**Work to be completed**
From the entries below, reproduce exactly the line containing "36) row of recycling bins (722,488,768,513)", the line containing "49) tree (1096,0,1389,542)", and every line in between, with nothing added.

**Material to process**
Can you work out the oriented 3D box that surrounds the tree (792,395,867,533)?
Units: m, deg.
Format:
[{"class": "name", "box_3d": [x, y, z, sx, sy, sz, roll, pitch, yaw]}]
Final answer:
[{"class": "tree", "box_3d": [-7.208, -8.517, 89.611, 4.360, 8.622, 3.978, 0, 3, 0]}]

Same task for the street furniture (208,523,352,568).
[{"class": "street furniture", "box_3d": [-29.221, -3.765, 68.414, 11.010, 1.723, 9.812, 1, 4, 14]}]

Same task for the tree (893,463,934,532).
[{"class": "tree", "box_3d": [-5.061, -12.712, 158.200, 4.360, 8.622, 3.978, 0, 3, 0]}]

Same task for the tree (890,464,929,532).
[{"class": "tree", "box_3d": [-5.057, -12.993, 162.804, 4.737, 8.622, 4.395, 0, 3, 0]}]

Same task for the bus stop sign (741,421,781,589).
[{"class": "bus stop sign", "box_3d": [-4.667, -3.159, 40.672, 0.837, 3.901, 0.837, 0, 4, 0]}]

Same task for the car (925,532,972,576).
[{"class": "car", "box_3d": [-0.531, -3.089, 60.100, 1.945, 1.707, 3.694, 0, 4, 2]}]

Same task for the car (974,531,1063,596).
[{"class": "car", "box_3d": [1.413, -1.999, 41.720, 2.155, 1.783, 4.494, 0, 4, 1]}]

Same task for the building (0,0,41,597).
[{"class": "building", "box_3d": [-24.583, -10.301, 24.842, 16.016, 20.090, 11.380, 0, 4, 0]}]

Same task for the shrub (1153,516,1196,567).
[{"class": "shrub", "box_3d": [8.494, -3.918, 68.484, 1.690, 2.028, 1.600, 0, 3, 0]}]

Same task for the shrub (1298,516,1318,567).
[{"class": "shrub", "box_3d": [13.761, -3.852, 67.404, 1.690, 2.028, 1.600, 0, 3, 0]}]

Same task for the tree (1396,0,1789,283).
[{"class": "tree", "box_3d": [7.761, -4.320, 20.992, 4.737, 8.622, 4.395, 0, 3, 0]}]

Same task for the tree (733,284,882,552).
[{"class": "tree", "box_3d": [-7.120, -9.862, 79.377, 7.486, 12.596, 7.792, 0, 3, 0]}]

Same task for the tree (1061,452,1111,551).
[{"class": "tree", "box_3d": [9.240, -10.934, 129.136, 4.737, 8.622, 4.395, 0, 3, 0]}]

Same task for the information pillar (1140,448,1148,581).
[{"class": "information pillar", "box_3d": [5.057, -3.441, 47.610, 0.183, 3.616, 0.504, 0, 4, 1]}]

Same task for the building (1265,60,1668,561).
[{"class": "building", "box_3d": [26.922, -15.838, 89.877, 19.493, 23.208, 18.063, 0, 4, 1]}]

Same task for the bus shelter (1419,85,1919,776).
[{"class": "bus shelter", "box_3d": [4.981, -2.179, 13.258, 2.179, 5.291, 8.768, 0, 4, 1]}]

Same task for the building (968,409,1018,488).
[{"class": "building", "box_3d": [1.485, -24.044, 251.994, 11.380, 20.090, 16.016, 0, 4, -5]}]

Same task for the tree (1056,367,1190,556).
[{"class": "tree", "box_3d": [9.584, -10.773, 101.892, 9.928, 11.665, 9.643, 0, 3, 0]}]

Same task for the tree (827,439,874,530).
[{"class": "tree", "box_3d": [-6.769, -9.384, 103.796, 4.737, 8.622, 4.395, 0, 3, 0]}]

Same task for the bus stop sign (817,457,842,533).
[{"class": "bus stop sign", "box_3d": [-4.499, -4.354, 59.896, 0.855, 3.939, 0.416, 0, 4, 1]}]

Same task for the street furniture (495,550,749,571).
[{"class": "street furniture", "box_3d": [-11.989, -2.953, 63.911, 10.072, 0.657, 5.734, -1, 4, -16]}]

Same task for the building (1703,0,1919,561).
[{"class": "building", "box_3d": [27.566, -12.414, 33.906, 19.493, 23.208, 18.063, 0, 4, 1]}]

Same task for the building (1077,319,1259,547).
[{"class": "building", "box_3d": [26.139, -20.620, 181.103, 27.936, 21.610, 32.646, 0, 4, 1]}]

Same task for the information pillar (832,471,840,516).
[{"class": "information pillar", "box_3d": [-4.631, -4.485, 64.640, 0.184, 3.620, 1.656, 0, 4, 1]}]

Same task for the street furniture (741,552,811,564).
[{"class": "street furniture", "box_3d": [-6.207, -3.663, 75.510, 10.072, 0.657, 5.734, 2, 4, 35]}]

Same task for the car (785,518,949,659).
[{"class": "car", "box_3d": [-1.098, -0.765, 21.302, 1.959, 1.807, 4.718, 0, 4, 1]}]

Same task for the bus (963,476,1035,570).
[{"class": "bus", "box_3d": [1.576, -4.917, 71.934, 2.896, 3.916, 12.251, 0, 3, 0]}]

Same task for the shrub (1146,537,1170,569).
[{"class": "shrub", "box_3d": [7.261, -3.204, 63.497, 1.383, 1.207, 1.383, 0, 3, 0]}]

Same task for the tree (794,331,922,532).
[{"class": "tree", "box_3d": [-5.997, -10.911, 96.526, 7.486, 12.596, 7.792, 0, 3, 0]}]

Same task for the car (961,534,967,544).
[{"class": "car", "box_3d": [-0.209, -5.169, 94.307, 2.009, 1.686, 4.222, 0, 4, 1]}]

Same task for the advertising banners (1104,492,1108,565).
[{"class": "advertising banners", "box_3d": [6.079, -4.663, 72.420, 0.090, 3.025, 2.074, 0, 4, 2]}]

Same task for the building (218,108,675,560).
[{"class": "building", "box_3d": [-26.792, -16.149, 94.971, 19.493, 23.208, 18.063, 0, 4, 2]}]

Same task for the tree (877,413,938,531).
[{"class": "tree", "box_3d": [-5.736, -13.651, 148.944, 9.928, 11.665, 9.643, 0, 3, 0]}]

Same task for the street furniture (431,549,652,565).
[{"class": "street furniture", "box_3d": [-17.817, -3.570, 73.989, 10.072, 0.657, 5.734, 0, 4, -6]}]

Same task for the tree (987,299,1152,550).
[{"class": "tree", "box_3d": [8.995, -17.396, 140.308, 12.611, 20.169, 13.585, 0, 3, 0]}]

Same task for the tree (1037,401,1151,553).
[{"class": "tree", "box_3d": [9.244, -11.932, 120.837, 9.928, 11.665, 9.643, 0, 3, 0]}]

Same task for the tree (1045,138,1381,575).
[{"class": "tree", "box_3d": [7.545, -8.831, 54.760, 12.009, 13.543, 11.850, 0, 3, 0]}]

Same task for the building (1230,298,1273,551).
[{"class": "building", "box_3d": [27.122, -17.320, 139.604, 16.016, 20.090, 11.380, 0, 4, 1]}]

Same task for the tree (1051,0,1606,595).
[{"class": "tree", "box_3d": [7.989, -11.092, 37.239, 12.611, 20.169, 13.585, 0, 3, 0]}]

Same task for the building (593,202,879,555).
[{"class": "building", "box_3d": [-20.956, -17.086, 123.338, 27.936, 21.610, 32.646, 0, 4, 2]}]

* * *

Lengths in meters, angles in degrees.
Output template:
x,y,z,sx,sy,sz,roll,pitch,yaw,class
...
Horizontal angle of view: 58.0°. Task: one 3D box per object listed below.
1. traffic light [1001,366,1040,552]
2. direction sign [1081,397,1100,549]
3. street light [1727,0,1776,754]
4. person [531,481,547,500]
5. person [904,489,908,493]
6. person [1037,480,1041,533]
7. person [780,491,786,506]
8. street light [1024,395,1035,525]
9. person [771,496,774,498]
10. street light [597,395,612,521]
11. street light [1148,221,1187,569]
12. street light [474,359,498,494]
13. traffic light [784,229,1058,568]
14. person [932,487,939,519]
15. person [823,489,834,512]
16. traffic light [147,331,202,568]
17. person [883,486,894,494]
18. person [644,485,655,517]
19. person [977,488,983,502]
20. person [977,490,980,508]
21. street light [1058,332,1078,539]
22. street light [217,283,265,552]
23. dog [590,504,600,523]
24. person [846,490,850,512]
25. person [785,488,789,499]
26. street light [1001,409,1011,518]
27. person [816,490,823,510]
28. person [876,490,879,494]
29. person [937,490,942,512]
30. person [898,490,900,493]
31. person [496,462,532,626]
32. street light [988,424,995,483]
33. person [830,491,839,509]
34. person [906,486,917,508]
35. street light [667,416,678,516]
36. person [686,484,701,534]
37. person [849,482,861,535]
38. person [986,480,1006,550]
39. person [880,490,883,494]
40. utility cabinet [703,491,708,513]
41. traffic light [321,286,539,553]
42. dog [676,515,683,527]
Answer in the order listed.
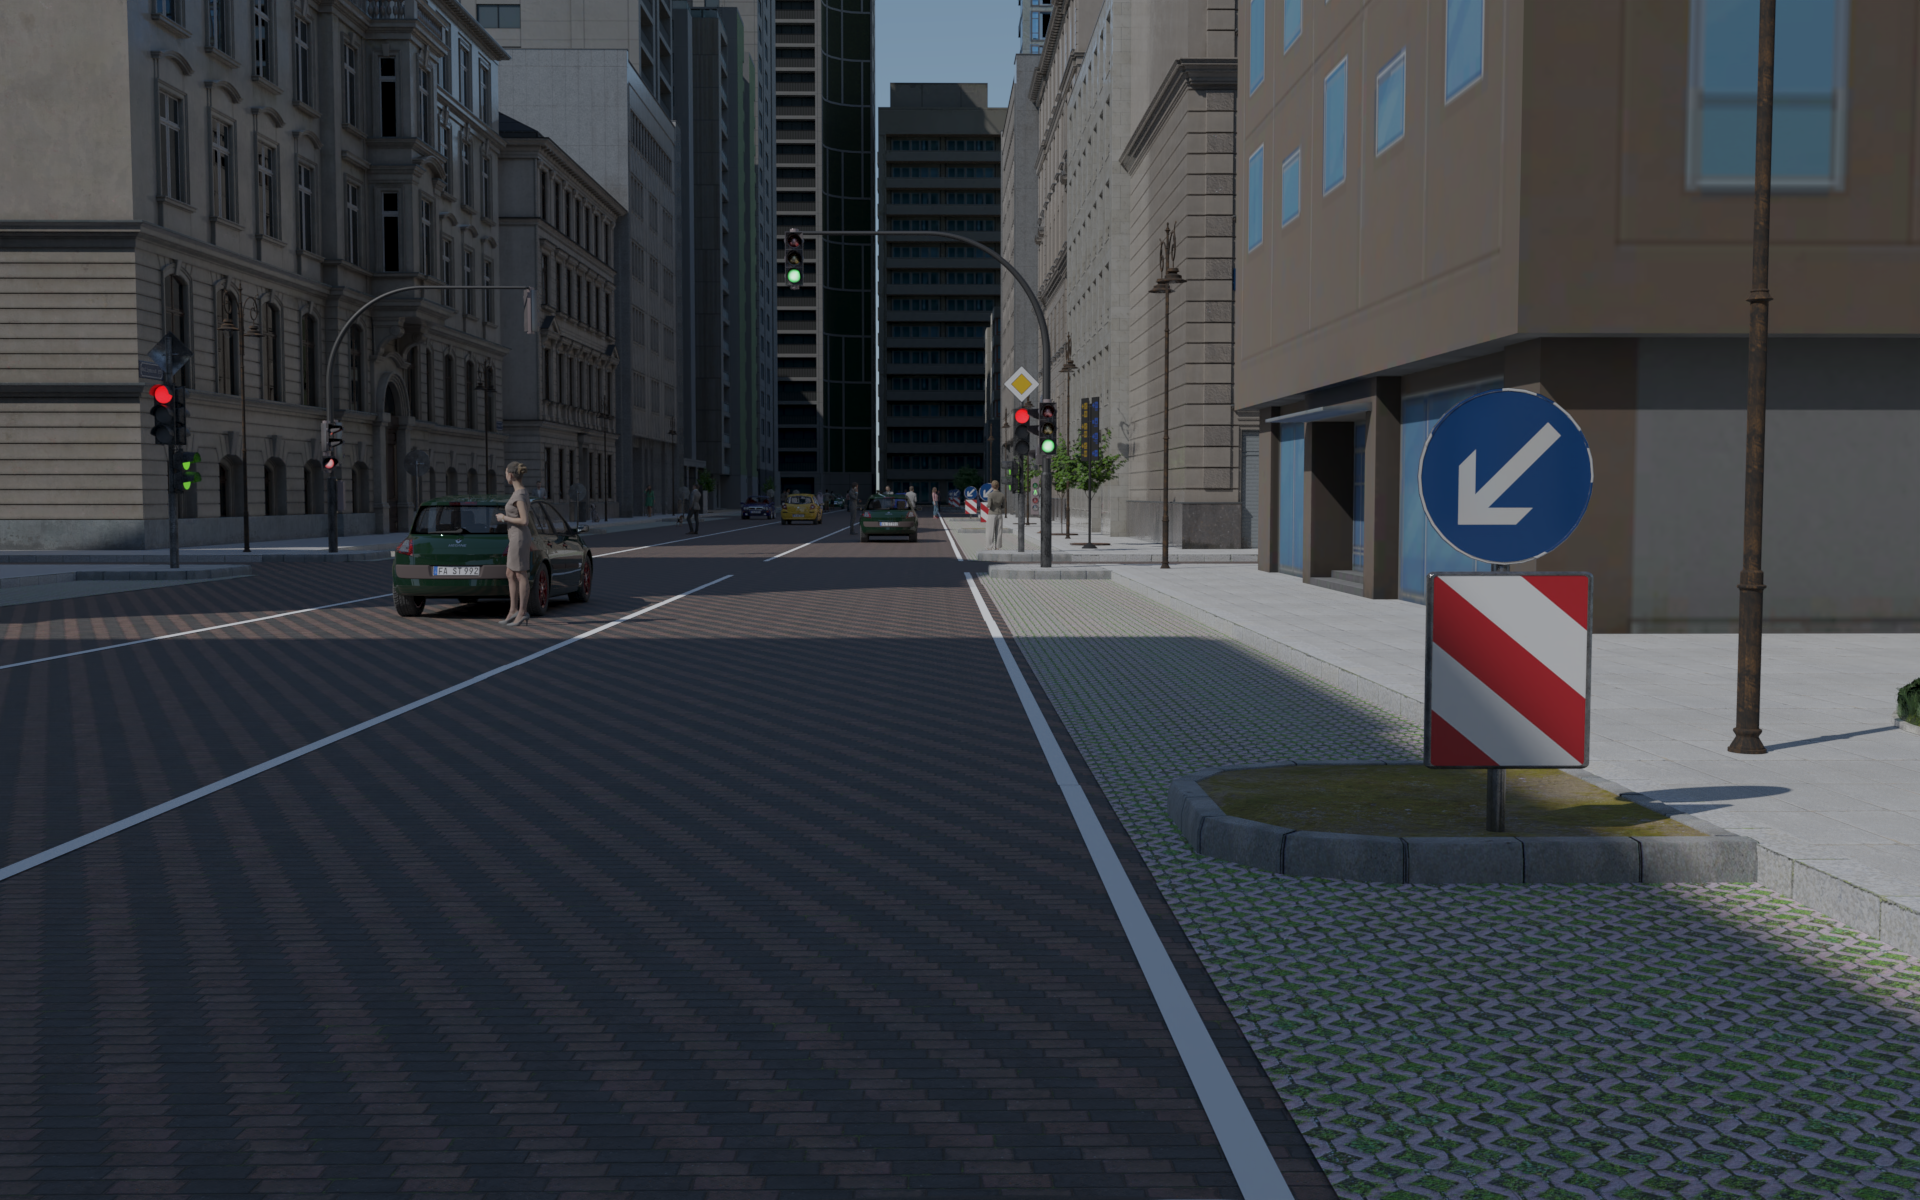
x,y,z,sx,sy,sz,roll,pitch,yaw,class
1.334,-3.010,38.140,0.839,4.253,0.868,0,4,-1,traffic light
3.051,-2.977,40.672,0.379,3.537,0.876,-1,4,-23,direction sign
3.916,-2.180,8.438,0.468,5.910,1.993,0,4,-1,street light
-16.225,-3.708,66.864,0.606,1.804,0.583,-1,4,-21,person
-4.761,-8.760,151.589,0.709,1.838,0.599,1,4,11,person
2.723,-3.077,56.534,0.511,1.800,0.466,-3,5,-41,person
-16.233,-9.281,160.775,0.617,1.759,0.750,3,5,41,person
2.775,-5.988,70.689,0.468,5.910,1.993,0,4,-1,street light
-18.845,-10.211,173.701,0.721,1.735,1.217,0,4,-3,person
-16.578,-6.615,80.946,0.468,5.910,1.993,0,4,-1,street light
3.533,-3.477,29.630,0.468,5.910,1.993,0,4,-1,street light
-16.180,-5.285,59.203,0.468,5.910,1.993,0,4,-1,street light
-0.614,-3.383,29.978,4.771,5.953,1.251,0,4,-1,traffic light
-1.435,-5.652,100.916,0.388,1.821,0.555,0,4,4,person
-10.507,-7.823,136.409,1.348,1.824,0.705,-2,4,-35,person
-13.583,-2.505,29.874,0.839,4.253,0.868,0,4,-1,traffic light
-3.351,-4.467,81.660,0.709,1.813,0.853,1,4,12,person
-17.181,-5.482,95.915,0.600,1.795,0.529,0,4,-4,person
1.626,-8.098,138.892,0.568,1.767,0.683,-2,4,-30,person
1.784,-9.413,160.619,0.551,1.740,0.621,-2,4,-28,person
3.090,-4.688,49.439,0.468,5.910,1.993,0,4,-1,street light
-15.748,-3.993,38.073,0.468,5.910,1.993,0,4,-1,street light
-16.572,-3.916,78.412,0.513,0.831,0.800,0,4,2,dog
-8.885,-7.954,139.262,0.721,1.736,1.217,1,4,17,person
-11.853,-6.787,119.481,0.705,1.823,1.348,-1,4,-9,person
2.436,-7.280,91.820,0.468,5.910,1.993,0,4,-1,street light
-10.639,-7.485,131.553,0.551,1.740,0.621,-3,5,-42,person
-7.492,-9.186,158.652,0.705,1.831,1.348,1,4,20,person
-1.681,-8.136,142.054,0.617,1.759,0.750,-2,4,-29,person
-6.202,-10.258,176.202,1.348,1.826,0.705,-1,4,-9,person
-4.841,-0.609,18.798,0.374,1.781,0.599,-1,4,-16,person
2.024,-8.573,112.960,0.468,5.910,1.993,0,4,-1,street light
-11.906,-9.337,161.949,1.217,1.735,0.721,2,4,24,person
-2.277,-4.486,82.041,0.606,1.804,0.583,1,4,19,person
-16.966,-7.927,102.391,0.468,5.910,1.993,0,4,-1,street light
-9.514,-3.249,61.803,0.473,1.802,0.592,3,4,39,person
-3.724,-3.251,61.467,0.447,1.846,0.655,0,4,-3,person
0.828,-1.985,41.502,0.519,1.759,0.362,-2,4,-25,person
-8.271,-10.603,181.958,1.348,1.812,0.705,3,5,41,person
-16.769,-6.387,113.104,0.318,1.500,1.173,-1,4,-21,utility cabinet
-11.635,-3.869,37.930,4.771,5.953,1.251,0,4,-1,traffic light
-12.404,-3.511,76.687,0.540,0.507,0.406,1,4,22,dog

--

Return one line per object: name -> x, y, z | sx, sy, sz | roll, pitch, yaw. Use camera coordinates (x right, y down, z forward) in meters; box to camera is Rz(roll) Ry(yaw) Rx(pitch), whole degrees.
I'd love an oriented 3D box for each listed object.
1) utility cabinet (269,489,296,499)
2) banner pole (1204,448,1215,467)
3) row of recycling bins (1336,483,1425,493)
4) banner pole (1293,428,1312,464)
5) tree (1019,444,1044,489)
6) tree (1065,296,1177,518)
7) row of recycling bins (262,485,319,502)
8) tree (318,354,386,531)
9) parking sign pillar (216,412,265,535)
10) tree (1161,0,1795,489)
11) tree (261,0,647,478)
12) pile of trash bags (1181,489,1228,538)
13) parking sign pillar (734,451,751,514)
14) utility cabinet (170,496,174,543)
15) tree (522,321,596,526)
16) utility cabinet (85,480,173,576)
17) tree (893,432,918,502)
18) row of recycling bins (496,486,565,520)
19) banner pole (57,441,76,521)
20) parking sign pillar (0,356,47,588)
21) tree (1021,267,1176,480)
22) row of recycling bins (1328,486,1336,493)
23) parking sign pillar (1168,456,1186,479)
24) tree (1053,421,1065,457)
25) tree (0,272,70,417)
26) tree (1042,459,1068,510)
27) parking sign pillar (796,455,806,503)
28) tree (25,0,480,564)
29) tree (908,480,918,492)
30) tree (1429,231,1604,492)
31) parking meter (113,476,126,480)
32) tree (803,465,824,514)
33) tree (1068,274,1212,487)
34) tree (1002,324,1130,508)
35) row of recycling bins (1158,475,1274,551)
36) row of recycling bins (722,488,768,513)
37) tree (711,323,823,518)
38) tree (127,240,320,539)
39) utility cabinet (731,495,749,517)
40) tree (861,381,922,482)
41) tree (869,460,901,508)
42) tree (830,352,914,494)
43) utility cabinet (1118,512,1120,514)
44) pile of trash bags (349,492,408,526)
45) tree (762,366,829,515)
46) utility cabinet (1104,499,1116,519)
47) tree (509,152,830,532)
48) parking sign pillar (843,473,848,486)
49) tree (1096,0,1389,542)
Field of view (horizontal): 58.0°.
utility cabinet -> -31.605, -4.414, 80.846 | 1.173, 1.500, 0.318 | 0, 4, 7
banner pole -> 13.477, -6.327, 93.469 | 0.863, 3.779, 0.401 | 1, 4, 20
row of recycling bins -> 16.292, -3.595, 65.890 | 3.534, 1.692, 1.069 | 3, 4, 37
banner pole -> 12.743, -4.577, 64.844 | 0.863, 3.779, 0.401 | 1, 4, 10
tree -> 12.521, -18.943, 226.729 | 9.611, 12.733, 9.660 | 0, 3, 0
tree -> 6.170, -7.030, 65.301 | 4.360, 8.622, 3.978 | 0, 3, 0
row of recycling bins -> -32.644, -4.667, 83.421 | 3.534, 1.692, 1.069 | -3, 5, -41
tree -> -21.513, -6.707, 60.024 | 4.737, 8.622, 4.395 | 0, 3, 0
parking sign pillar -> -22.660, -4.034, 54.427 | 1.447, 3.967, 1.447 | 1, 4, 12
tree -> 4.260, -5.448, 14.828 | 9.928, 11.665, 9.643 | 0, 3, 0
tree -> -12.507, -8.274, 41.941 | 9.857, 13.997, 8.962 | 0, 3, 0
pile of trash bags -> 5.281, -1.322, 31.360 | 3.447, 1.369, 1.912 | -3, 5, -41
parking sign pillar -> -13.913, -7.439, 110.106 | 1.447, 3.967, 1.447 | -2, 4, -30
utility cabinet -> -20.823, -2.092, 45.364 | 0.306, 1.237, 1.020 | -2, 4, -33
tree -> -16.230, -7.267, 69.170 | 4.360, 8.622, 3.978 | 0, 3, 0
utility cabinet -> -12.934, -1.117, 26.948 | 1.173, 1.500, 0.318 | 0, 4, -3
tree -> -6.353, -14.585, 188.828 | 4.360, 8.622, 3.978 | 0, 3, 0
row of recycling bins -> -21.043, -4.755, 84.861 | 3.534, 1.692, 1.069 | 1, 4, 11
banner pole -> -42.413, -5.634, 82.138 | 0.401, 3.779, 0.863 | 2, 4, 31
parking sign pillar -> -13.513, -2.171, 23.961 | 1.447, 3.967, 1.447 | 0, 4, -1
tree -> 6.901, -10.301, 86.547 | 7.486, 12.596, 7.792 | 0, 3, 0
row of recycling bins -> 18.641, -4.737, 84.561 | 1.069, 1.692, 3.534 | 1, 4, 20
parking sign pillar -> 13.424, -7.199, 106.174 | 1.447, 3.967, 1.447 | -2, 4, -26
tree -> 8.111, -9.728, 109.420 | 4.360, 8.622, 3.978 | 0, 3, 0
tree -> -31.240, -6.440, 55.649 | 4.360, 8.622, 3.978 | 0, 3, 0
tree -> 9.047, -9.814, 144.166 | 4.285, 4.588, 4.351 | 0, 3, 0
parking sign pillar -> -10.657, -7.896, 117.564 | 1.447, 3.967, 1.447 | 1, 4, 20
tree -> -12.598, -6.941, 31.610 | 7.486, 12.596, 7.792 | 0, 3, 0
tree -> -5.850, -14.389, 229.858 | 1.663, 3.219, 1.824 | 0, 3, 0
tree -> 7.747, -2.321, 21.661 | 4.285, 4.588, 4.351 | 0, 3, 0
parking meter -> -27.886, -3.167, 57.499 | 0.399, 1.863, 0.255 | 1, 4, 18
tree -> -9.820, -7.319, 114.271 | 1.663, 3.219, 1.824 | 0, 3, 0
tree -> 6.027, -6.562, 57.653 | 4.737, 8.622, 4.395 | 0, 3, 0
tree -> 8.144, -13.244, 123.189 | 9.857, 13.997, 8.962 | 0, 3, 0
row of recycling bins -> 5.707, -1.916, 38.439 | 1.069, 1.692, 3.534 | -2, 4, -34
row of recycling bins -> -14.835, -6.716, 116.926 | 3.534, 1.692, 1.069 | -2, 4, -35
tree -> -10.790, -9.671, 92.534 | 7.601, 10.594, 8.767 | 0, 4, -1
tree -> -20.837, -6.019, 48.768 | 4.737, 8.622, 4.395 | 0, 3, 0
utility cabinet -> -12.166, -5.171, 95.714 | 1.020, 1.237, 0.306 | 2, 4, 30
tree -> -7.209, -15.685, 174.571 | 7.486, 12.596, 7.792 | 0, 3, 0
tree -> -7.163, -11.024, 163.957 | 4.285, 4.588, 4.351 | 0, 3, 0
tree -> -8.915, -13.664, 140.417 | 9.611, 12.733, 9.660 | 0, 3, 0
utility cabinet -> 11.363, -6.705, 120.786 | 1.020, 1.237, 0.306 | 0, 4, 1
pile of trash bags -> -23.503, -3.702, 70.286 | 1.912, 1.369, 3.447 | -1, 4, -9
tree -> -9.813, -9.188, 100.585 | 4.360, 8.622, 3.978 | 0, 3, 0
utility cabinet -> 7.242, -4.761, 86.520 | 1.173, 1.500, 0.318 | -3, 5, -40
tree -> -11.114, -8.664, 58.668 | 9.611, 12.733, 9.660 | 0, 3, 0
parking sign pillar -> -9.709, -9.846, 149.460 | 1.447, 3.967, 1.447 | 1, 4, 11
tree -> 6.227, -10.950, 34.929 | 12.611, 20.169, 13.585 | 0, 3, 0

**Answer**
36) row of recycling bins (722,488,768,513)
37) tree (711,323,823,518)
38) tree (127,240,320,539)
39) utility cabinet (731,495,749,517)
40) tree (861,381,922,482)
41) tree (869,460,901,508)
42) tree (830,352,914,494)
43) utility cabinet (1118,512,1120,514)
44) pile of trash bags (349,492,408,526)
45) tree (762,366,829,515)
46) utility cabinet (1104,499,1116,519)
47) tree (509,152,830,532)
48) parking sign pillar (843,473,848,486)
49) tree (1096,0,1389,542)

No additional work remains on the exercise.